◆ **Activity**:
Return the lines that run from the beginning of the entries to the line holding "doc.styles.add('SEACAD_Times_New_Roman', font='times.ttf')", inclusive, and drop the pictures.

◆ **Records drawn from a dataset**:
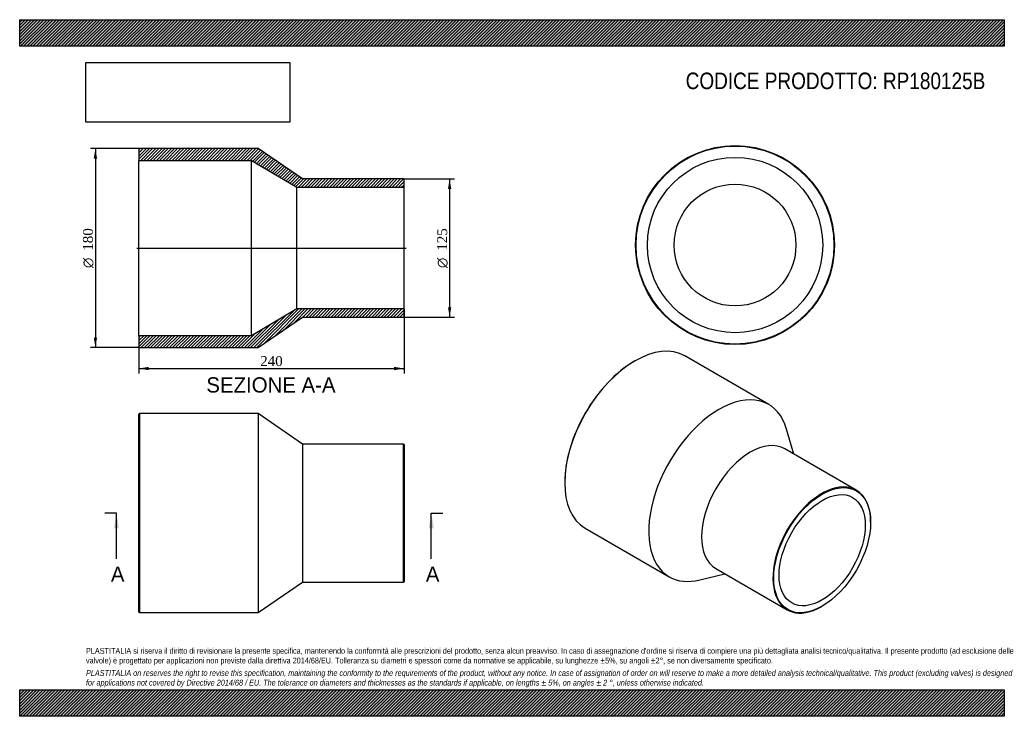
# Model space of a CAD drawing. Header units: millimetres. Extents: x 0 to 891, y 0 to 630.
import ezdxf
from ezdxf.enums import TextEntityAlignment as Align
from ezdxf.lldxf.tags import DXFTag

# ---------------------------------------------------------------- set-up
doc = ezdxf.new("R2010")
doc.units = ezdxf.units.MM
doc.header["$LTSCALE"] = 3
for name, color, linetype in [('Default', 7, 'Continuous'), ('DV4_Default', 7, 'Continuous'), ('RP180125B', 7, 'Continuous')]:
    doc.layers.add(name, color=color, linetype=linetype)
doc.styles.add('SEACAD_Solid_Edge_ANSI', font='seans.ttf')
doc.styles.add('SEACAD_Solid_Edge_ANSI1_Symbols', font='semeca1.ttf')
doc.styles.add('SEACAD_Times_New_Roman', font='times.ttf')
tags = doc.linetypes.add('CENTER2', pattern=[28.575, 19.05, -3.175, 3.175, -3.175]).pattern_tags.tags
tags[10:11] = [DXFTag(74, 4), DXFTag(75, 0), DXFTag(340, '0'), DXFTag(46, 0.0), DXFTag(50, 0.0), DXFTag(44, 0.0), DXFTag(45, 0.0)]
tags[8:9] = [DXFTag(74, 4), DXFTag(75, 0), DXFTag(340, '0'), DXFTag(46, 0.0), DXFTag(50, 0.0), DXFTag(44, 0.0), DXFTag(45, 0.0)]
tags[6:7] = [DXFTag(74, 4), DXFTag(75, 0), DXFTag(340, '0'), DXFTag(46, 0.0), DXFTag(50, 0.0), DXFTag(44, 0.0), DXFTag(45, 0.0)]
tags[4:5] = [DXFTag(74, 4), DXFTag(75, 0), DXFTag(340, '0'), DXFTag(46, 0.0), DXFTag(50, 0.0), DXFTag(44, 0.0), DXFTag(45, 0.0)]
doc.dimstyles.new('ANSImm', dxfattribs={"dimtxt": 9, "dimasz": 9, "dimexe": 4.5, "dimexo": 0, "dimgap": 2.25, "dimtad": 1, "dimdsep": 46, "dimtxsty": 'SEACAD_Times_New_Roman', "dimblk1": '_SE_FILLED', "dimblk2": '_SE_FILLED', "dimsah": 1, "dimcen": 4.5, "dimazin": 0, "dimtfac": 0.85, "dimtdec": 3, "dimtofl": 0, "dimtmove": 0, "dimatfit": 3, "dimfxl": 1, "dimarcsym": 0})
picture_1 = doc.add_image_def('image1.jpg', size_in_pixel=(4302, 1260))

# ---------------------------------------------------------------- blocks, each defined once
blk = doc.blocks.new('SE')
at = {"layer": 'RP180125B', "color": 7, "linetype": 'Continuous'}
for p, q in [((108.36, 273.75), (107.86, 273.25)), ((107.86, 94.25), (107.86, 273.25)), ((108.36, 273.75), (108.36, 93.75)), ((215.86, 273.75), (108.36, 273.75)), ((215.86, 273.75), (215.86, 93.75)), ((255.86, 246.25), (215.86, 273.75)), ((255.86, 246.25), (255.86, 121.25)), ((347.36, 246.25), (255.86, 246.25)), ((347.36, 121.25), (347.36, 246.25)), ((347.86, 245.75), (347.36, 246.25)), ((347.86, 245.75), (347.86, 121.75)), ((215.86, 93.75), (255.86, 121.25)), ((255.86, 121.25), (347.36, 121.25)), ((347.36, 121.25), (347.86, 121.75)), ((107.86, 94.25), (108.36, 93.75)), ((108.36, 93.75), (215.86, 93.75))]:
    blk.add_line(p, q, dxfattribs=at)
blk = doc.blocks.new('SE1')
at = {"layer": 'RP180125B', "color": 7, "linetype": 'Continuous'}
for p, q in [((556.83, 321.46), (556.48, 321.26)), ((677.85, 282.03), (601.83, 325.92)), ((700.49, 237.2), (694.05, 259.57)), ((757.08, 204.53), (692.38, 241.88)), ((493.19, 211.64), (493.19, 211.23)), ((511.83, 170.03), (587.85, 126.15)), ((770.02, 175.51), (770.02, 175.92)), ((615.4, 123.35), (637.99, 128.95)), ((629.88, 133.63), (694.58, 96.28)), ((725.83, 99.37), (726.18, 99.58))]:
    blk.add_line(p, q, dxfattribs=at)
for centre, major_axis, start_param, end_param in [((556.83, 247.97), (-45, -77.94), 3.141593, 6.283185), ((556.48, 248.18), (44.75, 77.51), 0.785398, 2.356195), ((632.85, 204.09), (-45, -77.94), 2.63393, 6.283185), ((661.13, 187.76), (-31.25, -54.13), 3.141593, 6.283185), ((725.83, 150.4), (31.25, 54.13), 0, 3.926991), ((725.83, 150.4), (31.25, 54.13), 5.497787, 6.283185), ((632.85, 204.09), (-45, -77.94), 0, 0.507662)]:
    blk.add_ellipse(centre, major_axis=major_axis, ratio=0.57735, start_param=start_param, end_param=end_param, dxfattribs=at)
for major_axis in [(-31, -53.69), (-27.55, -47.72)]:
    blk.add_ellipse((726.18, 150.2), major_axis=major_axis, ratio=0.57735, dxfattribs=at)
blk = doc.blocks.new('SE2')
at = {"layer": 'RP180125B', "color": 7, "linetype": 'Continuous'}
for radius in [90, 89.5, 79.3, 55.1]:
    blk.add_circle((647.34, 426.19), radius, dxfattribs=at)
blk = doc.blocks.new('SE4')
at = {"color": 7, "linetype": 'Continuous', "style": 'SEACAD_Solid_Edge_ANSI'}
blk.add_text('A', height=13.8, dxfattribs=at).set_placement((82.53, 135.45), align=Align.TOP_LEFT)
blk = doc.blocks.new('SE5')
at = {"color": 7, "linetype": 'Continuous', "style": 'SEACAD_Solid_Edge_ANSI'}
blk.add_text('A', height=13.8, dxfattribs=at).set_placement((367.53, 135.45), align=Align.TOP_LEFT)
blk = doc.blocks.new('SEANNOT_GROUP')
at = {"linetype": 'Continuous'}
blk.add_hatch(color=7, dxfattribs=at).paths.add_polyline_path([(89.8, 169.95), (87.5, 183.75), (85.2, 169.95)])
at = {"color": 7, "linetype": 'Continuous'}
blk.add_lwpolyline([(87.5, 142.35), (87.5, 183.75)], dxfattribs=at)
blk = doc.blocks.new('SEANNOT_GROUP1')
at = {"linetype": 'Continuous'}
blk.add_hatch(color=7, dxfattribs=at).paths.add_polyline_path([(374.8, 169.95), (372.5, 183.75), (370.2, 169.95)])
at = {"color": 7, "linetype": 'Continuous'}
blk.add_lwpolyline([(372.5, 142.35), (372.5, 183.75)], dxfattribs=at)
blk = doc.blocks.new('SE3')
at = {"layer": 'Default', "color": 7, "linetype": 'CENTER2'}
for p, q in [((87.5, 183.75), (77.15, 183.75)), ((372.5, 183.75), (382.85, 183.75))]:
    blk.add_line(p, q, dxfattribs=at)
at = {"layer": 'Default', "color": 7, "linetype": 'CENTER2', "const_width": 0.0001}
blk.add_lwpolyline([(87.5, 183.75), (372.5, 183.75)], dxfattribs=at)
at = {"layer": 'Default'}
for name in ['SEANNOT_GROUP', 'SEANNOT_GROUP1', 'SE4', 'SE5']:
    blk.add_blockref(name, (0, 0), dxfattribs=at)
blk = doc.blocks.new('SE6')
at = {"layer": 'RP180125B', "linetype": 'Continuous'}
h = blk.add_hatch(dxfattribs=at)
h.set_pattern_fill('LINE', scale=0.62992, angle=45, style=0)
h.paths.add_polyline_path([(255.86, 485.96), (215.86, 513.46), (108.36, 513.46), (107.86, 512.96), (107.86, 502.76), (209.86, 502.76), (250.86, 478.56), (347.86, 478.56), (347.86, 485.46), (347.36, 485.96)])
h = blk.add_hatch(dxfattribs=at)
h.set_pattern_fill('LINE', scale=0.62992, angle=45, style=0)
h.paths.add_polyline_path([(215.86, 333.46), (255.86, 360.96), (347.36, 360.96), (347.86, 361.46), (347.86, 368.36), (250.86, 368.36), (209.86, 344.16), (107.86, 344.16), (107.86, 333.96), (108.36, 333.46)])
at = {"layer": 'DV4_Default', "color": 7, "linetype": 'CENTER2'}
blk.add_line((106.11, 423.46), (349.61, 423.46), dxfattribs=at)
at = {"layer": 'RP180125B', "color": 7, "linetype": 'Continuous'}
for p, q in [((107.86, 512.96), (108.36, 513.46)), ((107.86, 512.96), (107.86, 502.76)), ((215.86, 513.46), (108.36, 513.46)), ((255.86, 485.96), (215.86, 513.46)), ((107.86, 344.16), (107.86, 502.76)), ((107.86, 502.76), (209.86, 502.76)), ((209.86, 344.16), (209.86, 502.76)), ((209.86, 502.76), (250.86, 478.56)), ((347.36, 485.96), (255.86, 485.96)), ((347.36, 485.96), (347.86, 485.46)), ((347.86, 478.56), (347.86, 485.46)), ((250.86, 368.36), (250.86, 478.56)), ((250.86, 478.56), (347.86, 478.56)), ((347.86, 368.36), (347.86, 478.56)), ((250.86, 368.36), (209.86, 344.16)), ((347.86, 368.36), (250.86, 368.36)), ((347.86, 361.46), (347.86, 368.36)), ((215.86, 333.46), (255.86, 360.96)), ((255.86, 360.96), (347.36, 360.96)), ((347.86, 361.46), (347.36, 360.96)), ((209.86, 344.16), (107.86, 344.16)), ((107.86, 344.16), (107.86, 333.96)), ((108.36, 333.46), (107.86, 333.96)), ((108.36, 333.46), (215.86, 333.46))]:
    blk.add_line(p, q, dxfattribs=at)
blk = doc.blocks.new('GDimGGroup')
at = {"layer": 'Default', "linetype": 'Continuous'}
for points in [[(67.02, 504.46), (70.02, 504.46), (68.52, 513.46)], [(67.02, 342.46), (68.52, 333.46), (70.02, 342.46)]]:
    blk.add_hatch(color=7, dxfattribs=at).paths.add_polyline_path(points)
at = {"layer": 'Default', "color": 7, "linetype": 'Continuous'}
for p, q in [((108.36, 513.46), (64.02, 513.46)), ((68.52, 513.46), (68.52, 333.46)), ((108.36, 333.46), (64.02, 333.46))]:
    blk.add_line(p, q, dxfattribs=at)
for s, style, p in [('180', 'SEACAD_Times_New_Roman', (57.27, 421.05)), ('O', 'SEACAD_Solid_Edge_ANSI1_Symbols', (57.27, 405.39))]:
    blk.add_text(s, height=9, rotation=90, dxfattribs=dict(at, style=style)).set_placement(p, align=Align.TOP_LEFT)
blk = doc.blocks.new('DMBLK237')
at = {"layer": 'Default', "linetype": 'Continuous'}
for points in [[(116.86, 313.01), (116.86, 316.01), (107.86, 314.51)], [(338.86, 313.01), (347.86, 314.51), (338.86, 316.01)]]:
    blk.add_hatch(color=7, dxfattribs=at).paths.add_polyline_path(points)
at = {"layer": 'Default', "color": 7, "linetype": 'Continuous'}
for p, q in [((347.86, 368.36), (347.86, 310.01)), ((107.86, 344.16), (107.86, 310.01)), ((107.86, 314.51), (347.86, 314.51))]:
    blk.add_line(p, q, dxfattribs=at)
at = {"layer": 'Default', "color": 7, "linetype": 'Continuous', "style": 'SEACAD_Times_New_Roman'}
blk.add_text('240', height=9, dxfattribs=at).set_placement((217.62, 325.76), align=Align.TOP_LEFT)
blk = doc.blocks.new('_SE_FILLED')
at = {"color": 0}
blk.add_line((0, 0), (-1, 0), dxfattribs=at)
blk.add_solid([(0, 0), (-1, -0.1665), (-1, 0.1665), (0, 0)], dxfattribs=at)
blk = doc.blocks.new('GDimGGroup1')
at = {"layer": 'Default', "linetype": 'Continuous'}
for points in [[(390.56, 476.96), (389.06, 485.96), (387.56, 476.96)], [(390.56, 369.96), (387.56, 369.96), (389.06, 360.96)]]:
    blk.add_hatch(color=7, dxfattribs=at).paths.add_polyline_path(points)
at = {"layer": 'Default', "color": 7, "linetype": 'Continuous'}
for p, q in [((347.36, 485.96), (393.56, 485.96)), ((389.06, 485.96), (389.06, 360.96)), ((347.36, 360.96), (393.56, 360.96))]:
    blk.add_line(p, q, dxfattribs=at)
for s, style, p in [('125', 'SEACAD_Times_New_Roman', (377.81, 421.05)), ('O', 'SEACAD_Solid_Edge_ANSI1_Symbols', (377.81, 405.39))]:
    blk.add_text(s, height=9, rotation=90, dxfattribs=dict(at, style=style)).set_placement(p, align=Align.TOP_LEFT)

msp = doc.modelspace()

# ---------------------------------------------------------------- hatches: boundary and pattern name
at = {"layer": 'Default', "linetype": 'Continuous'}
h = msp.add_hatch(dxfattribs=at)
h.set_pattern_fill('LINE', scale=0.629921, angle=45, style=0)
h.paths.add_polyline_path([(891, 606), (891, 630), (0, 630), (0, 606)])
for points in [[(891, 606), (891, 630), (0, 630), (0, 606)], [(891, 0), (891, 24), (0, 24), (0, 0)]]:
    msp.add_hatch(color=7, dxfattribs=at).paths.add_polyline_path(points)
h = msp.add_hatch(dxfattribs=at)
h.set_pattern_fill('LINE', scale=0.62992, angle=45, style=0)
h.paths.add_polyline_path([(891, 0), (891, 24), (0, 24), (0, 0)])

# ---------------------------------------------------------------- linework, layer by layer
at = {"layer": 'Default', "color": 7, "linetype": 'Continuous'}
for p, q in [((0, 630), (891, 630)), ((0, 606), (0, 630)), ((891, 630), (891, 606)), ((891, 606), (0, 606)), ((0, 24), (891, 24)), ((0, 0), (0, 24)), ((891, 24), (891, 0)), ((891, 0), (0, 0))]:
    msp.add_line(p, q, dxfattribs=at)

# ---------------------------------------------------------------- block references
at = {"layer": 'Default'}
for name in ['GDimGGroup', 'SE6', 'SE2', 'GDimGGroup1', 'SE1', 'SE', 'SE3']:
    msp.add_blockref(name, (0, 0), dxfattribs=at)

# ---------------------------------------------------------------- texts
at = {"layer": 'Default', "color": 7, "linetype": 'Continuous', "style": 'SEACAD_Solid_Edge_ANSI'}
msp.add_text('SEZIONE A-A', height=13.8, dxfattribs=at).set_placement((168.928, 306.613), align=Align.TOP_LEFT)
at = {"layer": 'Default', "attachment_point": 1}
for s, insert, char_height, width in [('{\\fArial Narrow|b0||i0||c0|p34;\\C7;\\H15.;\\W1.;CODICE PRODOTTO: RP180125B}', (602.666, 582.191), 15, 272.01139), ("{\\fArial Narrow|b0||i0||c0|p34;\\C7;\\H5.25;\\W1.;PLASTITALIA si riserva il diritto di revisionare la presente specifica, mantenendo la conformità alle prescrizioni del prodotto, senza alcun preavviso. In caso di assegnazione d'ordine si riserva di compiere una più dettagliata analisi tecnico/qualitativa. Il presente prodotto (ad esclusione delle \\P}{\\fArial Narrow|b0||i0||c0|p34;\\C7;\\H5.25;\\W1.;valvole) è progettato per applicazioni non previste dalla direttiva 2014/68/EU. Tolleranza su diametri e spessori come da normative se applicabile, su lunghezze ±5%, su angoli ±2°, se non diversamente specificato.\\P}{\\fArial Narrow|b0||i0||c0|p34;\\C7;\\H1.5;\\W1.;   \\P}{\\fArial Narrow|b0||i1||c0|p34;\\C7;\\H5.25;\\W1.;PLASTITALIA on reserves the right to revise this specification, maintaining the conformity to the requirements of the product, without any notice. In case of assignation of order on will reserve to make a more detailed analysis technical/qualitative. This product (excluding valves) is designed \\P}{\\fArial Narrow|b0||i1||c0|p34;\\C7;\\H5.25;\\W1.;for applications not covered by Directive 2014/68 / EU. The tolerance on diameters and thicknesses as the standards if applicable, on lengths ± 5%, on angles ± 2 °, unless otherwise indicated.\\P}", (60, 61.807), 5.25, 771)]:
    msp.add_mtext(s, dxfattribs=dict(at, insert=insert, char_height=char_height, width=width))

# ---------------------------------------------------------------- dimensions: what is measured, and where the dimension line sits
at = {"layer": 'Default', "color": 7, "linetype": 'Continuous'}
dim = msp.add_linear_dim(base=(347.857, 314.514), p1=(107.857, 344.157), p2=(347.857, 368.357), text='\\A1;<>', dimstyle='ANSImm', dxfattribs=at)
dim.commit()
dim.dimension.update_dxf_attribs({"geometry": 'DMBLK237', "text_midpoint": (227.857, 314.514), "dimtype": 160})

# ---------------------------------------------------------------- pictures from other files: only their frames are drawn
image = msp.add_image(picture_1, insert=(60, 537.31), size_in_units=(184.371, 54))
image.dxf.flags = 7

doc.saveas('drawing.dxf')

◆ **Finished task**:
# Model space of a CAD drawing. Header units: millimetres. Extents: x 0 to 891, y 0 to 630.
import ezdxf
from ezdxf.enums import TextEntityAlignment as Align
from ezdxf.lldxf.tags import DXFTag

# ---------------------------------------------------------------- set-up
doc = ezdxf.new("R2010")
doc.units = ezdxf.units.MM
doc.header["$LTSCALE"] = 3
for name, color, linetype in [('Default', 7, 'Continuous'), ('DV4_Default', 7, 'Continuous'), ('RP180125B', 7, 'Continuous')]:
    doc.layers.add(name, color=color, linetype=linetype)
doc.styles.add('SEACAD_Solid_Edge_ANSI', font='seans.ttf')
doc.styles.add('SEACAD_Solid_Edge_ANSI1_Symbols', font='semeca1.ttf')
doc.styles.add('SEACAD_Times_New_Roman', font='times.ttf')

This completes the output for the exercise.